Type library representation:
[uuid(...)]
interface INew : IDispatch {
[id(0x100)] HRESULT DoFirst();
[id(0x101)] HRESULT DoSecond();
}
[uuid(...)]
interface INewer : IDispatch {
[id(0x100)] HRESULT DoNow();
[id(0x101)] HRESULT DoSecond();
}
[uuid(...)]
coclass NewNewer {
[default] interface INew;
interface INewer;
}
==>
The converted types appear as follows:
[Guid(...)]
public interface INew {...}
[Guid(...)]
public interface INewer {...}
[Guid(...)]
public interface NewNewer : INew {...}
[Guid(...)]
public class NewNewer : INew, INewer, NewNewer{
// Method implementation.
[DispId(100)]...
}
Structures
Structures defined within a type library are imported as metadata. If a field of a
struct is a reference type, Tlbimp.exe imports the type as an IntPtr and applies
the ComConversionLossAttribute. The attribute indicates that information was lost
during the import process.
Enumerations
Type Library Importer (Tlbimp.exe) imports unmanaged enumerations as managed Enum
types.
Constants
Constants will not be imported from type library in this release.
Typedefs
Type definitions (typedefs) within a type library are not imported. Instead,
parameters and fields are imported as the underlying types. For example, a
parameter of type BUTTON_COLOR is imported as type integer, since BUTTON_COLOR is
an alias for an integer.
Once imported, parameters and fields carry information that associates them with
their original type in the ComAliasNameAttribute. The conversion process applies
ComAliasNameAttribute to associate a field, parameter, or return value with the
name of the type library and the type within the library that was used as an
alias.
The following type library representation shows that the cl parameter is typed as
a BUTTON_COLOR, which is an alias for an integer.

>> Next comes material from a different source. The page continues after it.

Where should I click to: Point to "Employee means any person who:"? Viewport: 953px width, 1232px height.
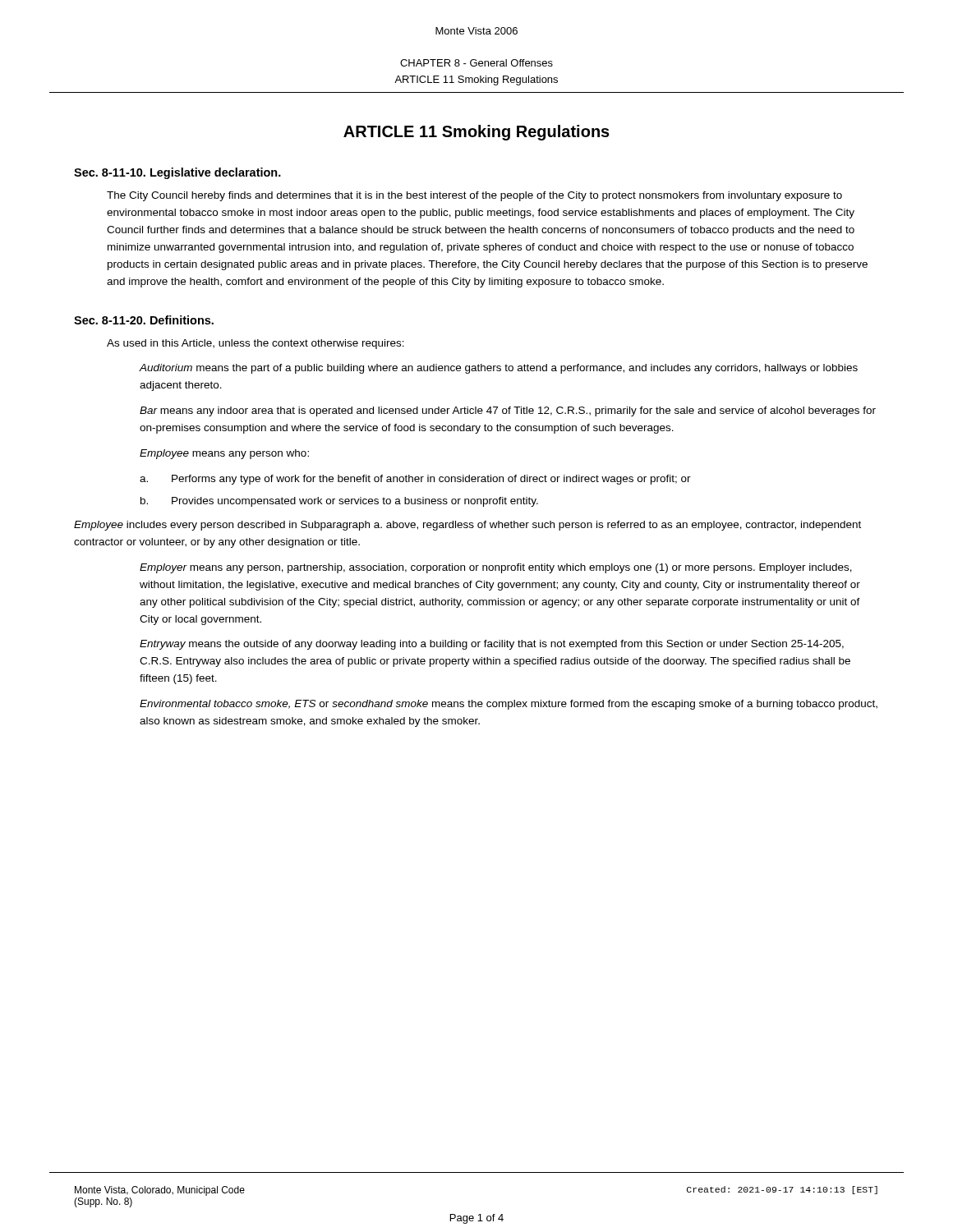pyautogui.click(x=225, y=453)

Type library representation
library MyLib {
typedef [public] int BUTTON_COLOR;
interface ISee {
HResult SetColor([in] BUTTON_COLOR cl);
HResult GetColor([out, retval] BUTTON_COLOR *cl);
};
coclass See {
[default] interface ISee
};
};
==>
The converted types appear as follows:
public interface ISee {
void SetColor([ComAliasName("MyLib.BUTTON_COLOR")]] int cl);
[return: ComAliasName("MyLib.BUTTON_COLOR")] int GetColor();
};
public class See {
public void SetColor([ComAliasName("MyLib.BUTTON_COLOR")]] int cl);
[return: ComAliasName("MyLib.BUTTON_COLOR")] int GetColor();
};
Note that the actual type BUTTON_COLOR is not defined in the resulting metadata.

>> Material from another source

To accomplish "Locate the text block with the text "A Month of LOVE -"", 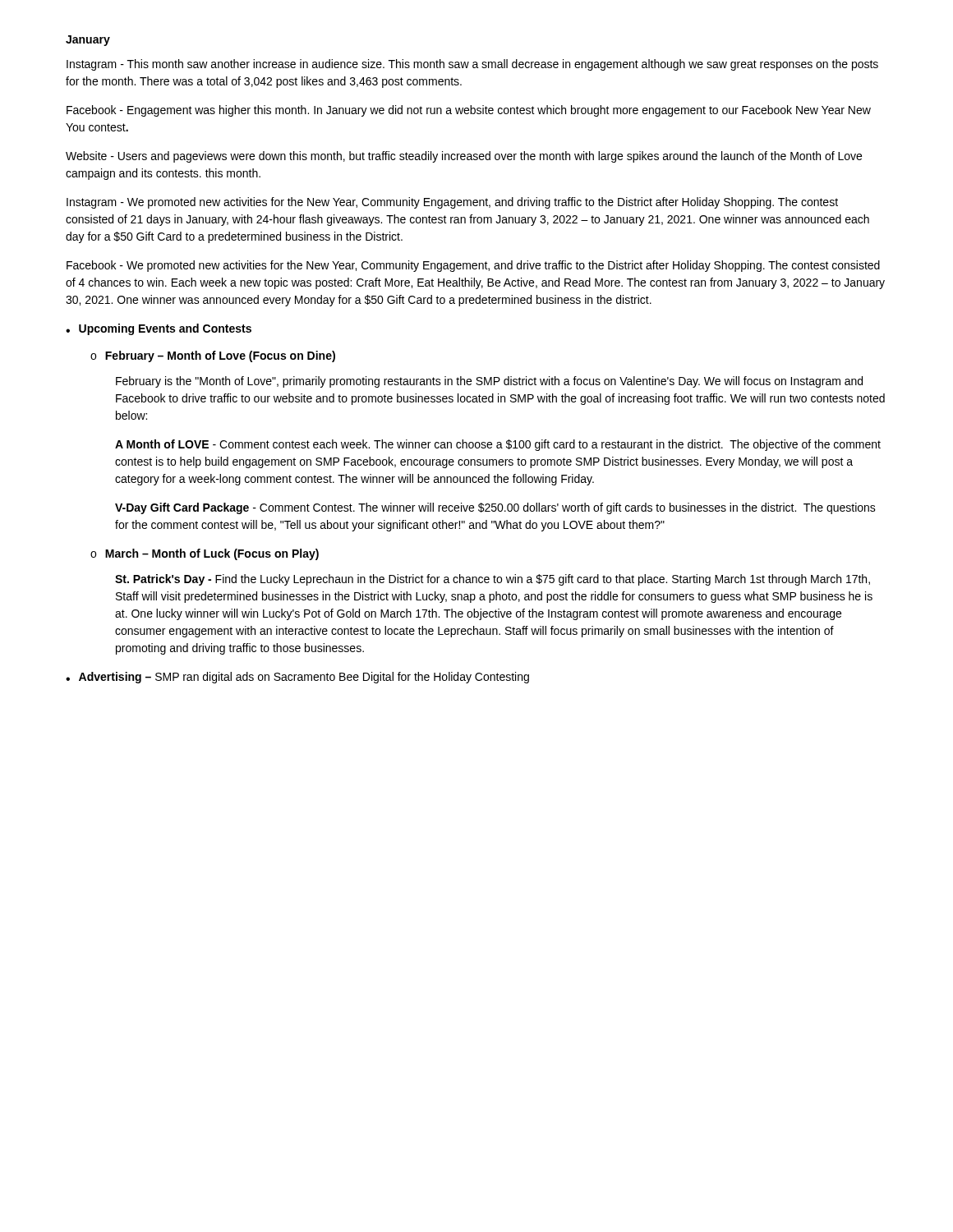I will (x=498, y=462).

Instead, the parameters typed as BUTTON_COLOR in the type library are typed as the
underlying type, int, and are attributed with the ComAliasNameAttribute. This
conversion process also applies the attribute to arguments on class methods.

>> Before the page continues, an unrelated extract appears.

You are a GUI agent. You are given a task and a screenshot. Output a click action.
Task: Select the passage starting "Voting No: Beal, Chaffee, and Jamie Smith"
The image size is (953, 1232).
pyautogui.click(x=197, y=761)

$4、Imported Member Conversion
(Describes how the import process converts methods, properties, and events.)
This topic describes how the import process converts the following members:
Methods
Properties
Events
Tlbimp.exe applies the DefaultMemberAttribute to any method or property with a
DispID of 0. Note that C# developers must treat these members as arrays. For
additional information, see your programming language documentation.
Methods
When COM interop imports a COM type, it produces a .NET Framework method signature
equivalent to the original COM method signature. During the conversion process, it
maps COM parameters, return values, and HRESULTs to those in a .NET Framework
method signature, as shown in the following illustration.
Method signature conversion
You can examine method syntax with an object viewer or by using reflection, just as with any other .NET class. By default, when the COM object returns a failure HRESULT, the runtime throws a corresponding exception.